Couldn't understand the proof of $M$is a maximal normal subgroup of $G$ if and only if $G/M$ is simple

Question

Let $M$ be a maximal normal subgroup of $G$. Consider the canonical homomorphism $\phi : G \to G/M$ Now $\phi^{-1}$ of any nontrivial proper normal subgroup of $G/M$ is a proper normal subgroup of $G$ properly containing $M$. But M is maximal, so this can not happen, Thus $G/M$ is simple.

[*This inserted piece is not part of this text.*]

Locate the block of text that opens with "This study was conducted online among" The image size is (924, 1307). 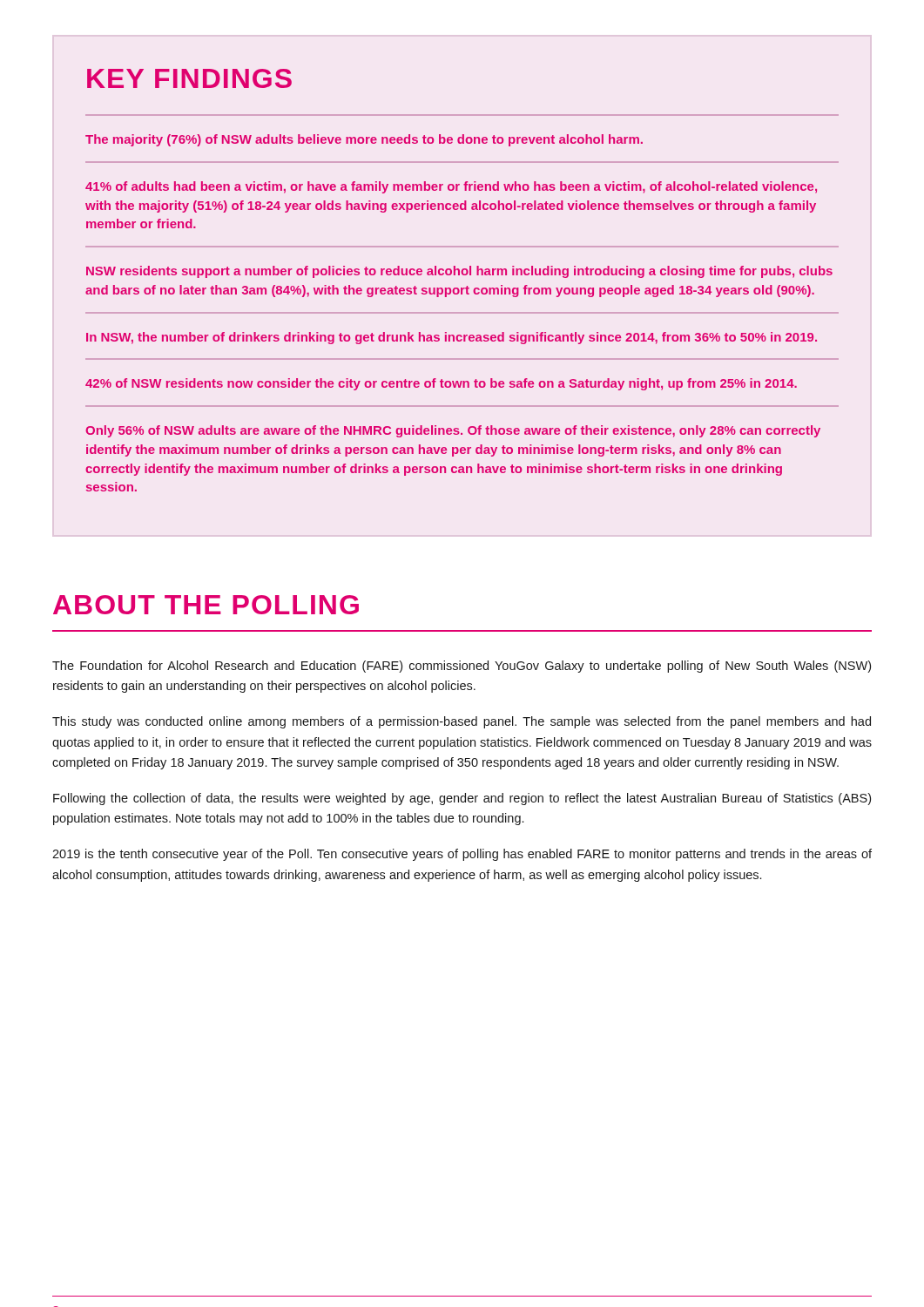[x=462, y=742]
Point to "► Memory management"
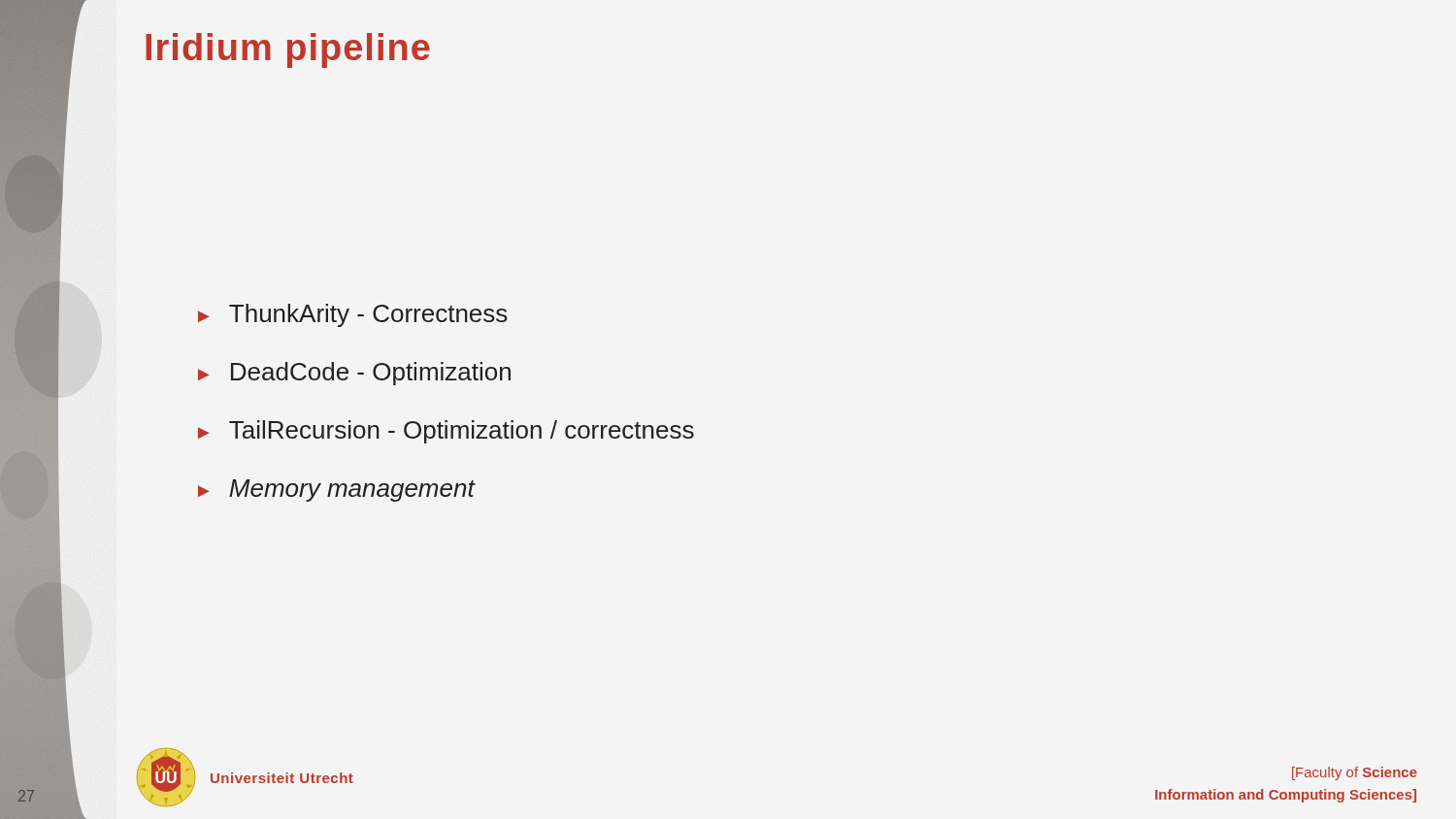The image size is (1456, 819). (334, 488)

I couldn't understand the part in bold. How did we conclude that? , $\phi$ is an homomorphism and we are sure that homomorphisms preserve normal subgroups. A $\phi^{-1}$ of a normal subgroup of $G/M$ will be normal, but I can't conclude that it will properly contain $M$.

I understood the converse.

Any help?

Answer 1

This is The Correspondence Theorem : the canonical homomorphism (the projection) $\;\phi\;$ determines a $\;1-1\;$ correspondence between subgroup of $\;G/M\;$ and subgroups of $\;G\;$ containing the subgroup $\;M\;$ . This correspondence preserves indexes and normality.

Answer 2

The key word here is nontrivial. Let $H$ be a normal subgroup of $G/M$, and $K=\phi^{-1}(H)$. Since $H$ is a group, it must have the identity, so $K$ must contain $M$, since $\phi^{-1}(e) = M$ by the construction of $\phi$. If $H$ is nontrivial, then the pullback of $H$ is a normal subgroup which must contain $M$.